= Beginning of Section =
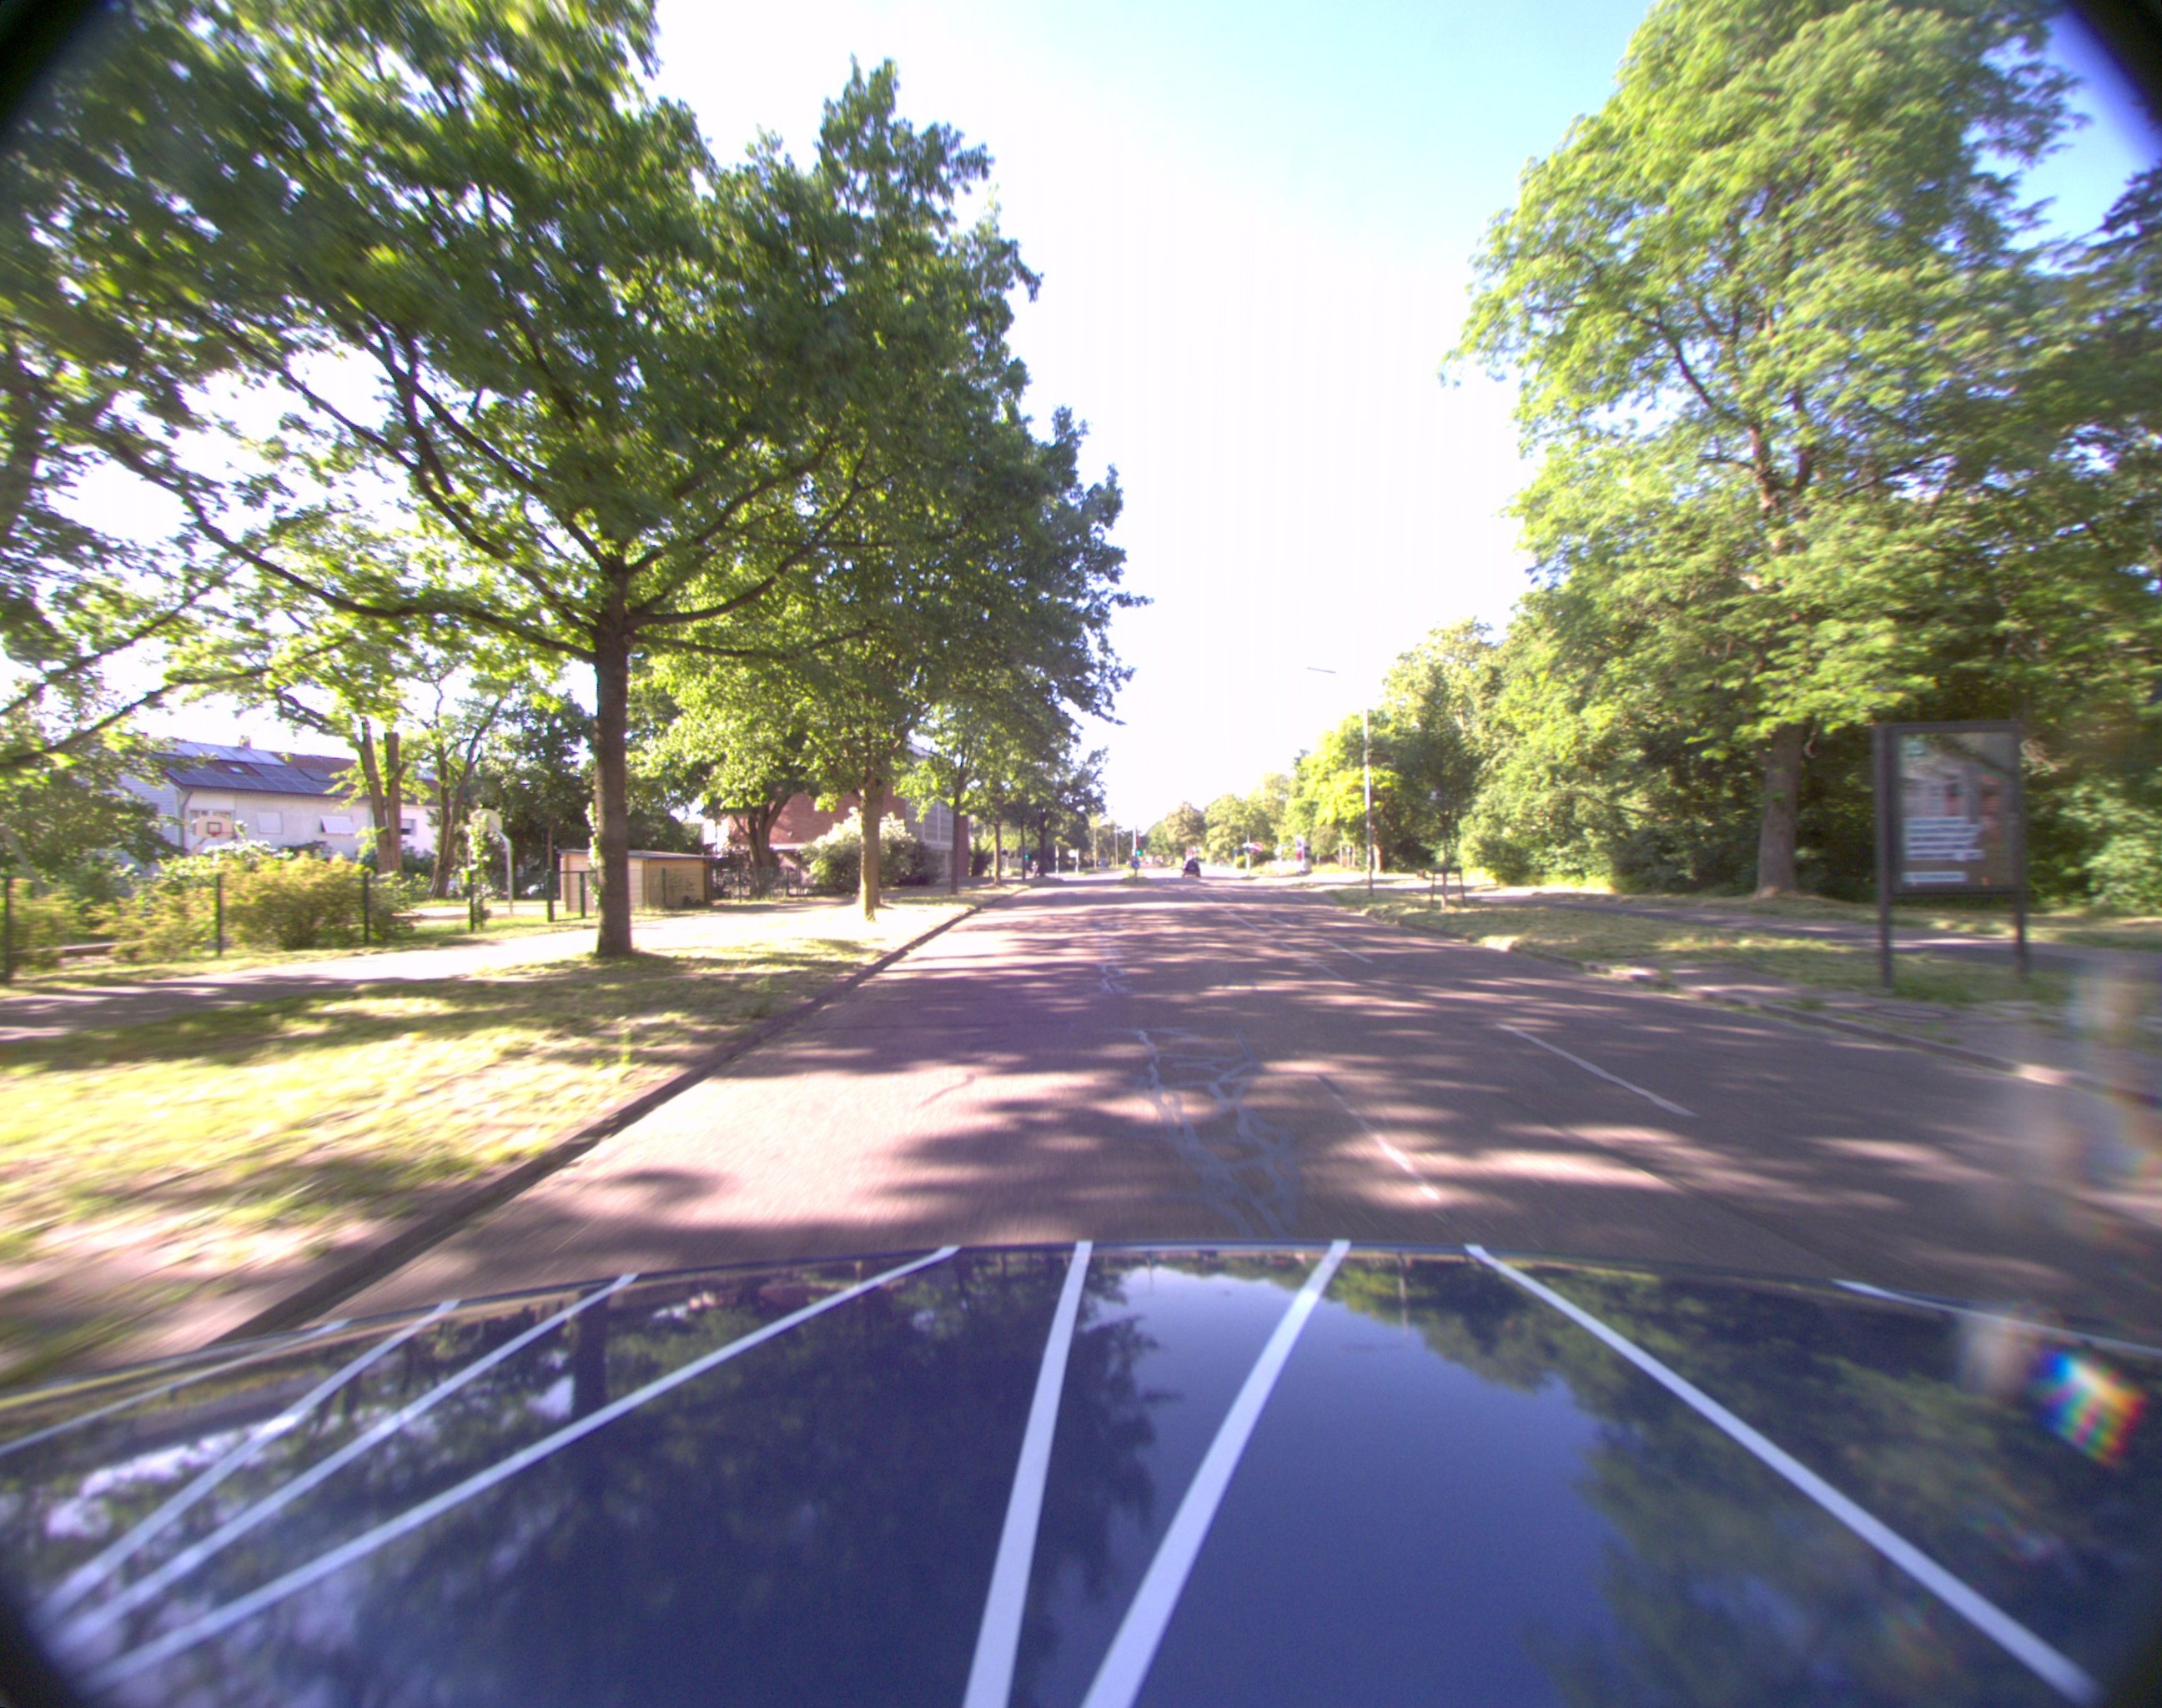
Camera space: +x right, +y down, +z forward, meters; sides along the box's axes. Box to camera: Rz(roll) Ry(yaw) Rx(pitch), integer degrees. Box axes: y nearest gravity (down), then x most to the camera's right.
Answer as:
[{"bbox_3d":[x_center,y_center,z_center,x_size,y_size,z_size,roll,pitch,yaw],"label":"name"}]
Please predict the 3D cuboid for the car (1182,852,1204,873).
[{"bbox_3d":[11.591,0.886,78.608,1.904,2.082,3.642,1,0,3],"label":"car"}]
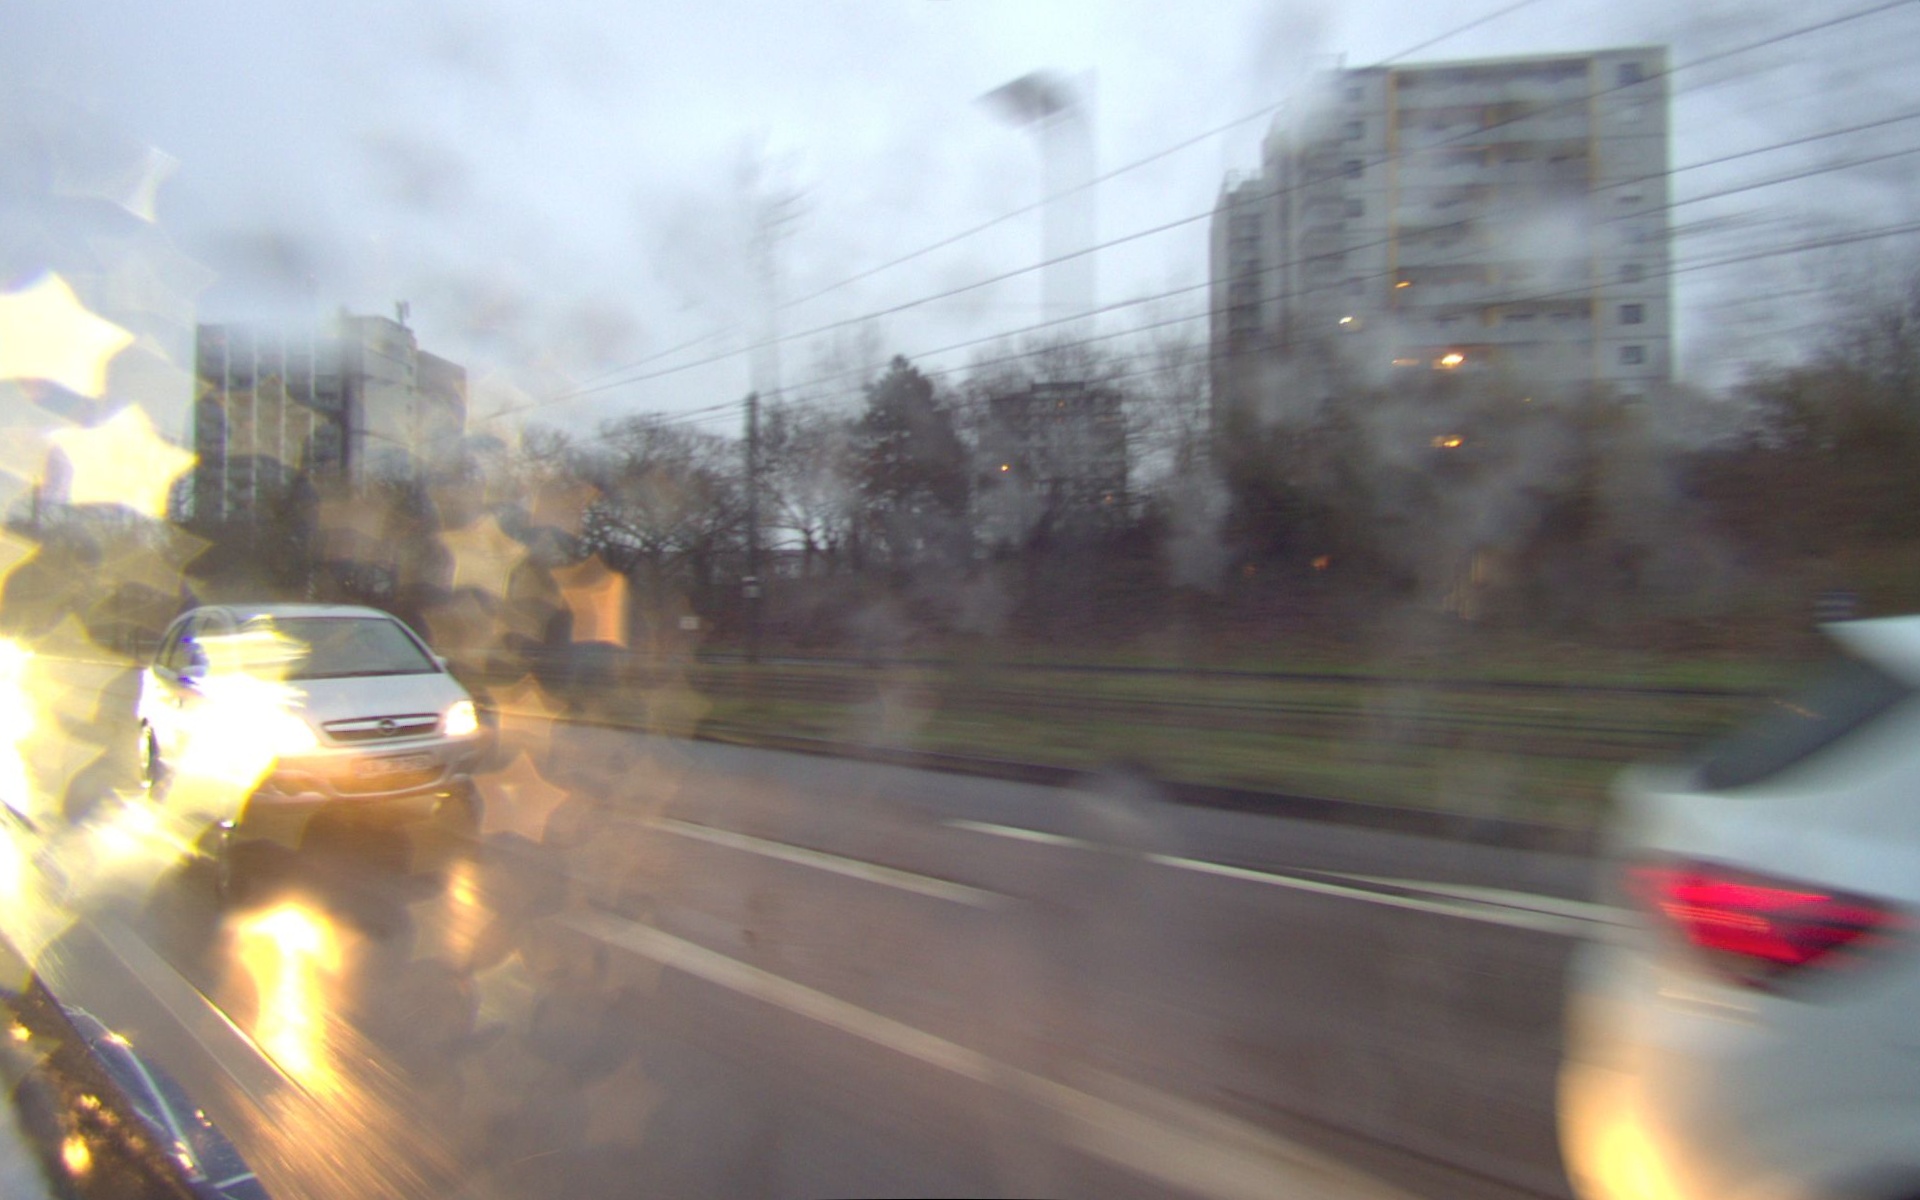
= End of Section =
This task calls for restating, word for word, each line from the line holding "Please predict the" through the end of the material, pictures left out.

_Solution to this problem:_
Please predict the 3D cuboid for the car (1182,852,1204,873).
[{"bbox_3d":[11.591,0.886,78.608,1.904,2.082,3.642,1,0,3],"label":"car"}]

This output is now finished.